Fig. 1, Olafur Eliasson, The Weather Project, 2003. Turbine Hall at the Tate Modern (London).  (Image Source: David Firn, Flickr Commons)

Fig. 1, Olafur Eliasson, The Weather Project, 2003. Turbine Hall at the Tate Modern (London).

(Image Source: David Firn, Flickr Commons)

Most artists and designers are familiar with color—they work with it just about every day, but very few actually understand the science behind it. Interestingly enough, this is not a requirement for being a good artist or designer. In the same way that somebody can be an excellent driver, yet possess little understanding of how everything works under the hood, artists can use color effectively without understanding anything about what is “under the hood” of the colors they use.
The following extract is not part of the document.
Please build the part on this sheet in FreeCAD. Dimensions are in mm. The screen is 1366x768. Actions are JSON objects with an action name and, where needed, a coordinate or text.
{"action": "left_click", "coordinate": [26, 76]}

For artists, what’s important is knowing how to use color – to control palettes, harmonies, and perceptual interactions, as well as mixing colors. Understanding how to manipulate and control the basic elements of color (hue, value, and chroma), as well as a healthy dose of intuition, to bend and break the rules, is all one really needs. There are some artists though whose curiosity takes them across disciplinary boundaries and whose keen understanding of the science of color forms the basis of their work and their experiments.

One such person is the Danish-Icelandic artist Ólafur Eliasson. Eliasson is highly regarded as one of the most prominent and influential artists working today with major shows, in major museums, all over the world including the Tate Modern (London), the Museum of Modern Art (New York) and the Venice Biennale. His work is often large and employs a variety of media, and he maintains studios in both Berlin and Reykjavik, with a staff of over a hundred assistants, that include fabricators, archivists, architects, designers, and researchers!
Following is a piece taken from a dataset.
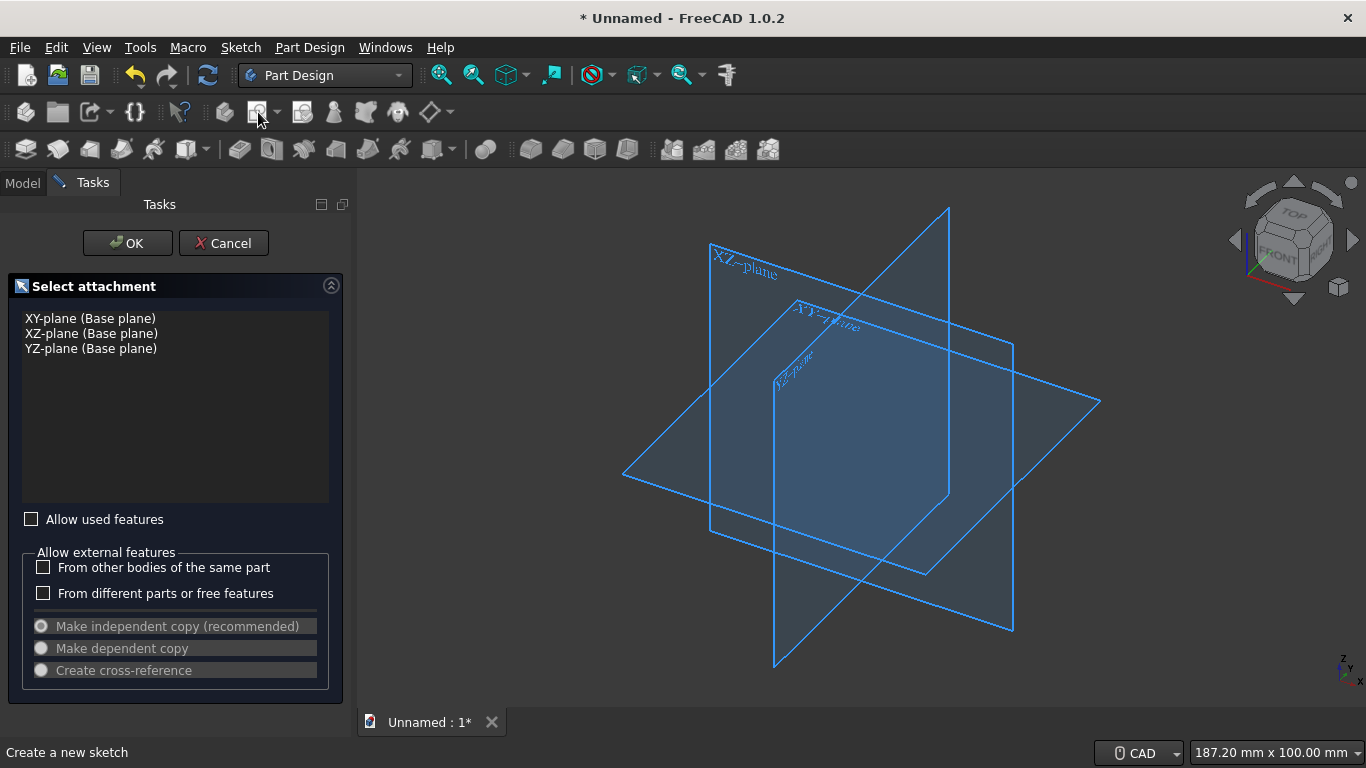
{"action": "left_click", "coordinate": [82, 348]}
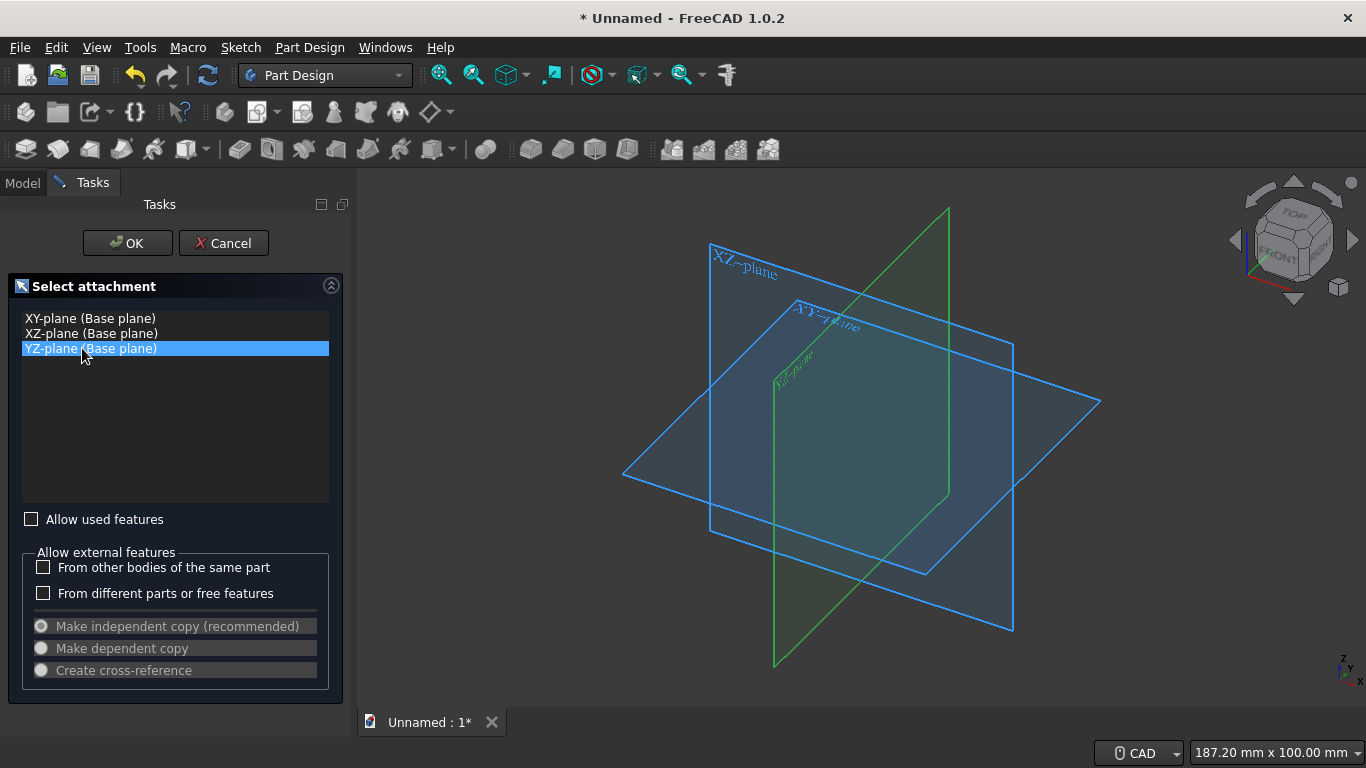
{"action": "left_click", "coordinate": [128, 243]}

Like the artist James Turrell, who we examined earlier the viewer's experience is a key feature of his art. Eliasson often deals with the intersection of art and science, and he views his pieces much like experiments – ways to interrogate the natural world to understand it through experience and interaction. One of his central concerns is our perception of light and the ethereal atmosphere it creates. In his most well-known work, The Weather Project (Fig. 1), he installed a half-circle of yellow lights next to a giant mirrored ceiling and pumped-in mist. The illusion was of a giant sunset inside the building with people interacting by lying down on the floor and contemplating the sun and their reflections on the ceiling.

In many of Eliasson’s works, such as Room for One Color (Fig.2), he uses mono-frequency, low pressure sodium lamps that emit a very narrow frequency band of yellow light (589 nanometres). The effect is to transform the environment so that all colors, except for variations of yellow and black, disappear. Eventually, due to the effect of chromatic adaption to ambient light, the yellowness of the light also appears to fade over prolonged exposure, leaving the viewer to experience a form of mono-chromacy, as if they were living in a black and white world! It was, as the curator and historian Katy Barrett described, "an oddly distressing experience to lose your sense of colour nuance in this way."
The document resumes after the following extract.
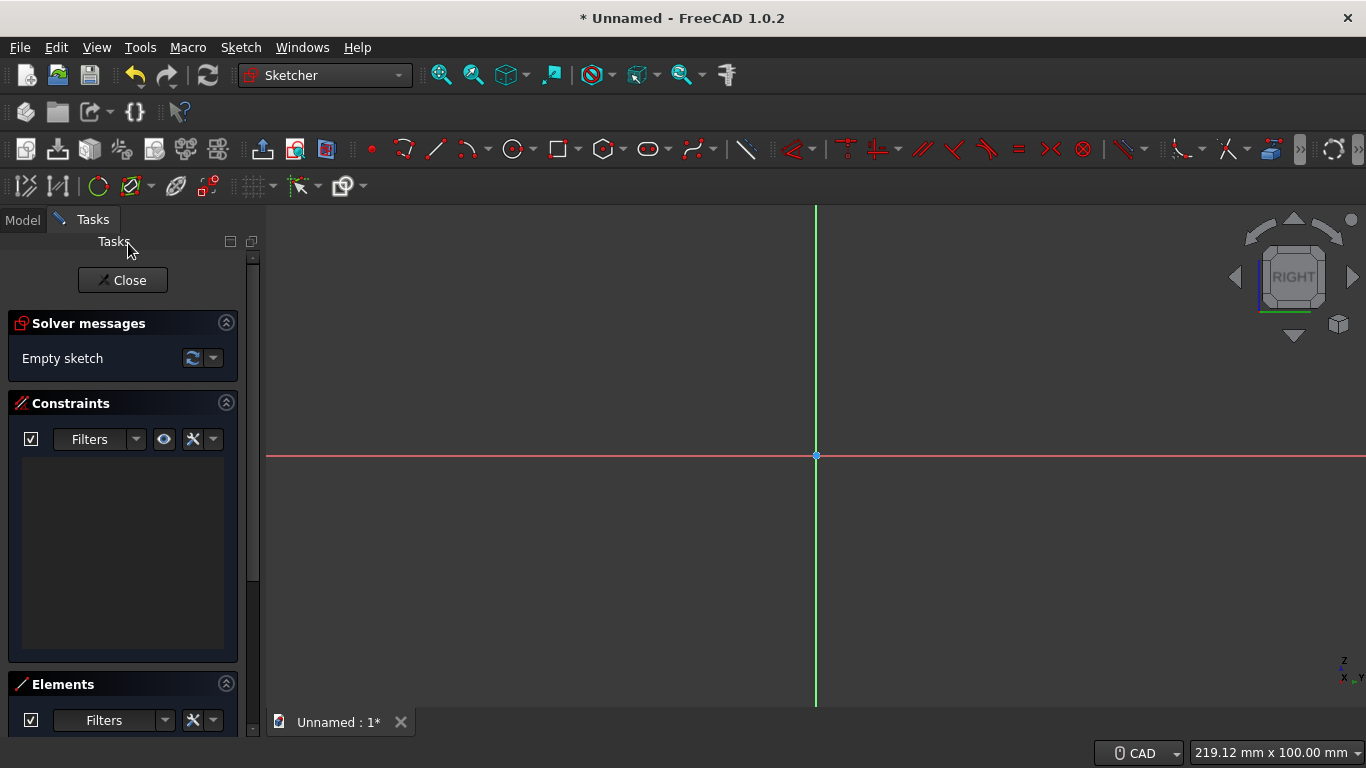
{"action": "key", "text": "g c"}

Fig. 2 Visitors to Olafur Eliasson’s, Room for one colour, 2008 (Image Source: Susan Sermoneta Flickr Commons)

Eliason is interested in harnessing the science of what we know about color and perception, to generate experiences within the domain of art, that provoke thought and contemplation.

In his own words:

“It makes us aware of the limits of our senses and helps us to see the relativity of our colour perception. Understanding how we see colour can make us reconsider how we constitute the world. By reducing experience to the minimum, the monochrome allows us to reflect on what is happening when we perceive something, on how perception is also a type of world-making. For a moment, we can imagine what it might be like to become colour-blind or another species of animal or even more radically other. What strange, new worlds might emerge then?” [1]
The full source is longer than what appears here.